Saturday, July 16, 2011

Tom Watson, the 2009 British Open and Hyperbole

As I watched the Open Championship yesterday and this morning, watching 61 year old Tom Watson trudge around Royal St. Georges in Sandwich, England, I couldn't help but be mesmerized.  He's 25 years older than most of the golfers on the course with him and 40 years older than the recent winner of the U.S. Open, Rory McIlroy.  Yet there he was, smiling through one of the worst weathered rounds in recent British Open history (and that's saying something).  He even punctuated this year's tournament with a hole-in-one on the short Par 3 16th hole on Friday, delighting the throngs of fans hoping for another miracle by the sea.

Ah yes, ANOTHER miracle. Remember the 2009 British Open and Tom Watson's turn at history?  Is it hyperbole to say that the 2009 British Open was one of the most important tournaments in golf history?  Forget about Nicklaus winning the 1986 Masters and Tiger Woods winning the 2008 U.S. Open on a broken leg in a playoff over Rocco Mediate.  Is it hyperbole to call Tom Watson near British Open Championship in 2009 his best effort in more than 35 years of professional golf?  In my mind the 2009 British Open was one of the best golf tournaments I've ever watched.  He was just a couple of months shy of his 60th birthday and he was making a run at a championship that kids half his age wanted to win.  Could he turn back the years and relive his best years 30 years later?  I hope so as this was something I really could use, this Summer of 2009.  This pursuit transcended sports and reached the point of pop culture phenomenon on his last day.  I get chills just thinking about it today.  Sometimes even tears well up in my eyes thinking about the possibility.

Turnberry.  Watson had qualified with other Past Open Champions like David Duval and John Daley due to his utter domination of the tournament in late 70's and early 80's - winning five times in the span of 7 years.  He hadn't really competed in a regular PGA tournament in quite a long time, not winning a tournament since the 1996 Memorial, being relegated to the Seniors division since turning 50 back in 2000.

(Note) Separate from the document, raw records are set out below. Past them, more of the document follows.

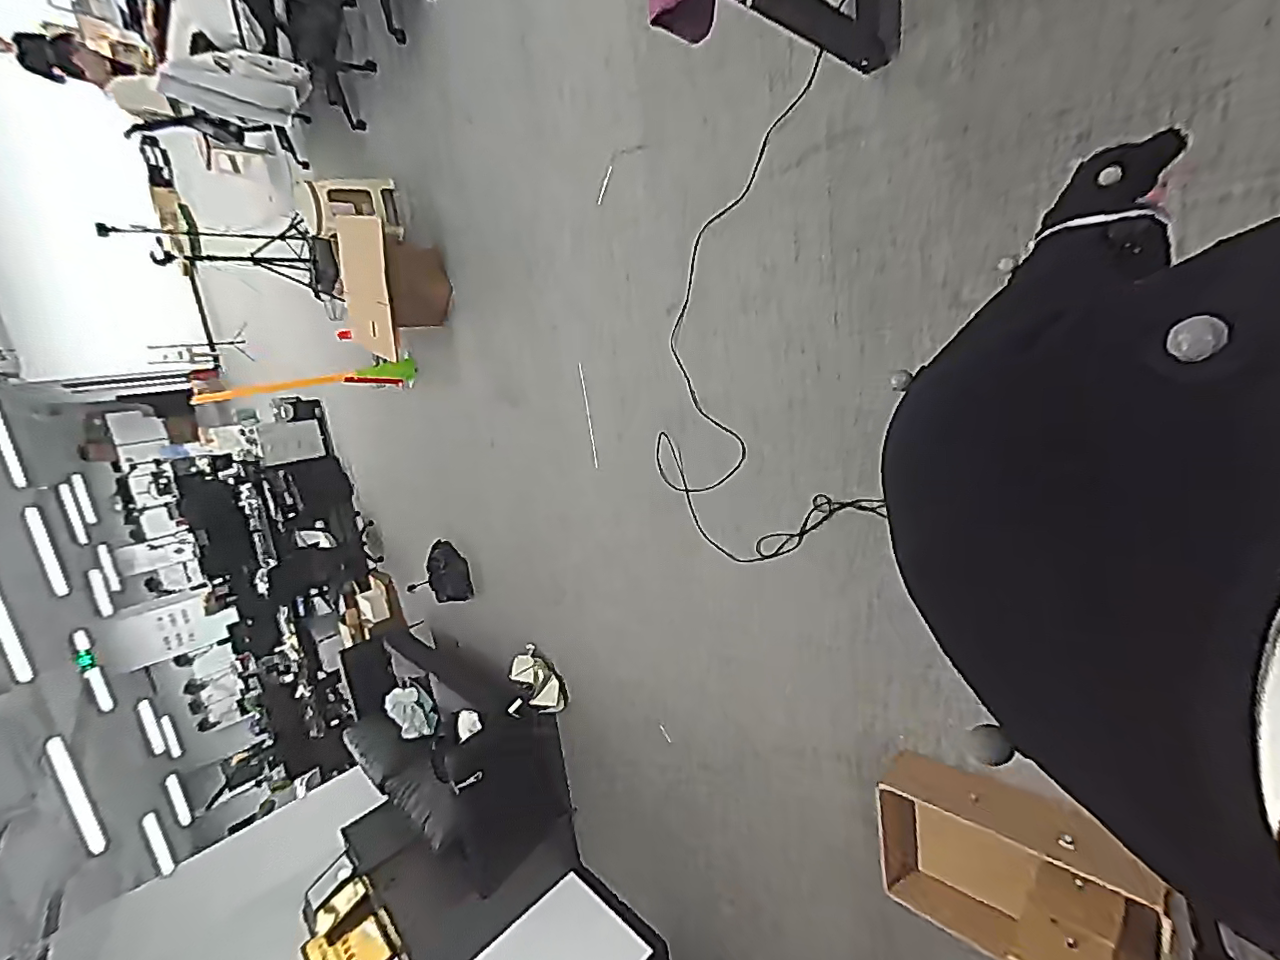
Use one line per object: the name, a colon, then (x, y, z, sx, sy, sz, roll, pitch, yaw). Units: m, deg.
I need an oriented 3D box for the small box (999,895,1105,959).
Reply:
small box: (0.934, 1.111, 1.224, 0.168, 0.176, 0.179, 4, 108, 48)

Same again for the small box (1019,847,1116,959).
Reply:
small box: (1.050, 1.067, 1.329, 0.168, 0.176, 0.179, 5, 109, 47)
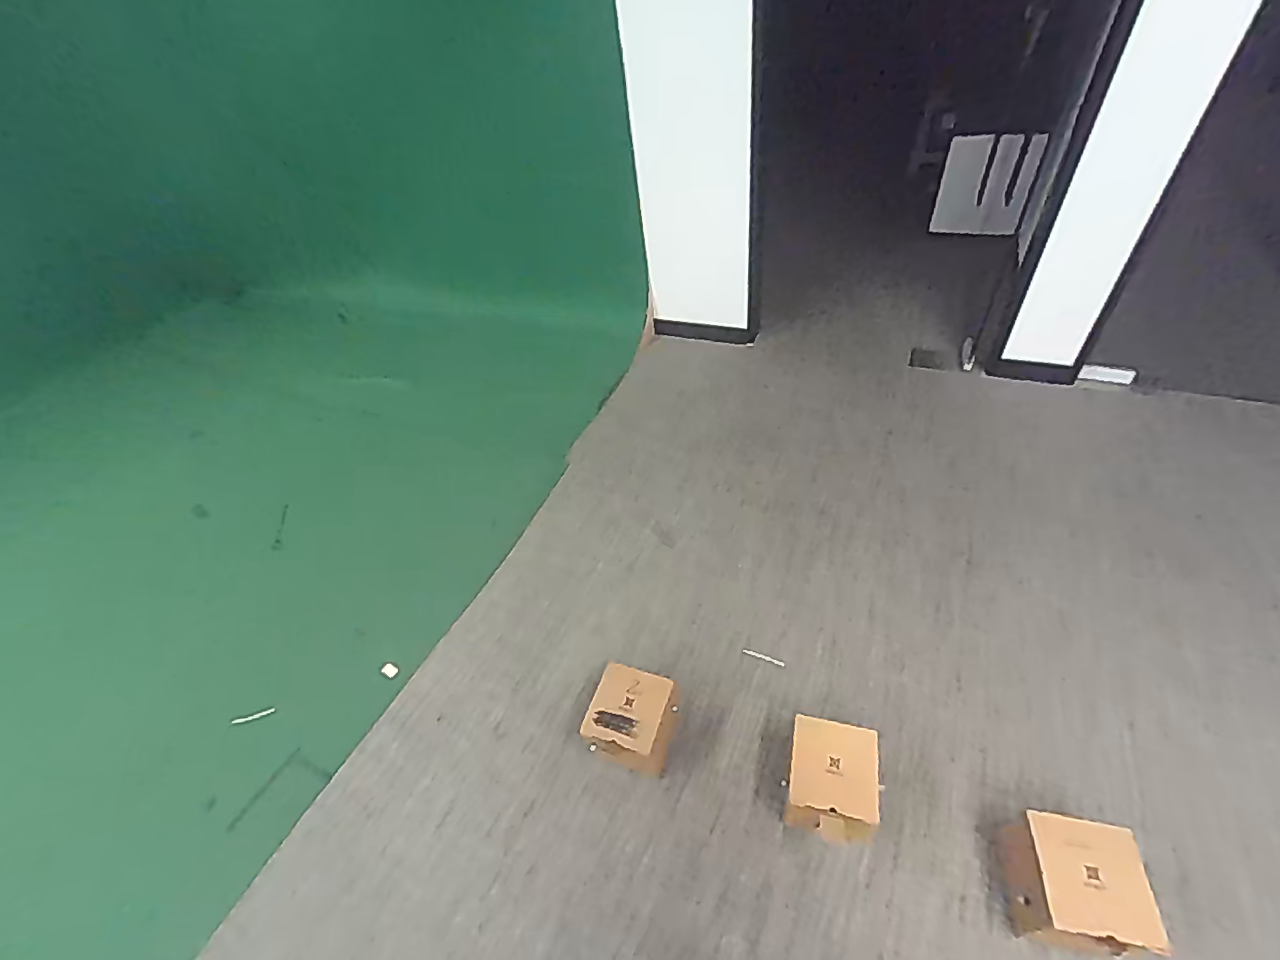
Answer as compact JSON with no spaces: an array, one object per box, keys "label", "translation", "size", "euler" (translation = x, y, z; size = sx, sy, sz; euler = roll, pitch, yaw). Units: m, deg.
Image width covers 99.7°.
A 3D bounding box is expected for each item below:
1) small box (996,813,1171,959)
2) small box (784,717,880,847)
[{"label":"small box","translation":[0.769,0.730,0.963],"size":[0.168,0.176,0.179],"euler":[5,46,13]},{"label":"small box","translation":[0.395,0.629,1.127],"size":[0.168,0.176,0.179],"euler":[6,47,16]}]

The first day saw beautiful calm conditions, permitting low scores from Watson and other elderly players Mark O'Meara and Mark Calcavecchia (although Greg Norman, himself having competed for the Open Championship in 2008 couldn't make the cut after starting with a 77).  The second day saw Watson tied for the lead after holing long birdie putts at 16 and 18.

The beginning of the weekend saw Watson continue his good fortune (and even better golf) as he continued his lead at 4 under par.  Watson was the oldest person ever to lead a major tournament and was primed to win in what appeared to be threatening weather on the Final Sunday.

Sunday.  We, I, just need him to last out 18 holes more.  We we willing him on every hole, shifting our bodies with every putt.  He would lose a stroke and then gain it right back.  He would miss a short putt, only to make an even longer one on the next hole.  The nerve racking nature of his game was driving us all crazy.  But he held his own out there on one of the toughest layouts in golf.  Yeah, I know Stewart Cink was the "Leader in the Clubhouse," and all, but Watson kept fighting and held a one stroke lead heading into the 18th hole. 

Unfortunately, he couldn't par the last hole as he missed the green in regulation and ended up missing an 8 foot putt to win the tournament.  He knew and we knew that it was over at that moment.  He fought so hard for 18 holes, and a 59 year old couldn't handle 4 more holes and Stewart Cink ended with the Claret Jug.  Everyone would have remembered his win, but unfortunately his second place finish no one will remember.  Maybe "no one" is too strong.

But back to 2011.  2 years older and Watson is still out there missing short putts, hitting long putts and making us squirm in our seats.  It will make me sad to hear that one day one British Open will be his last.  I guess time marches on even for the best golfer ever to play. Thanks, Tom.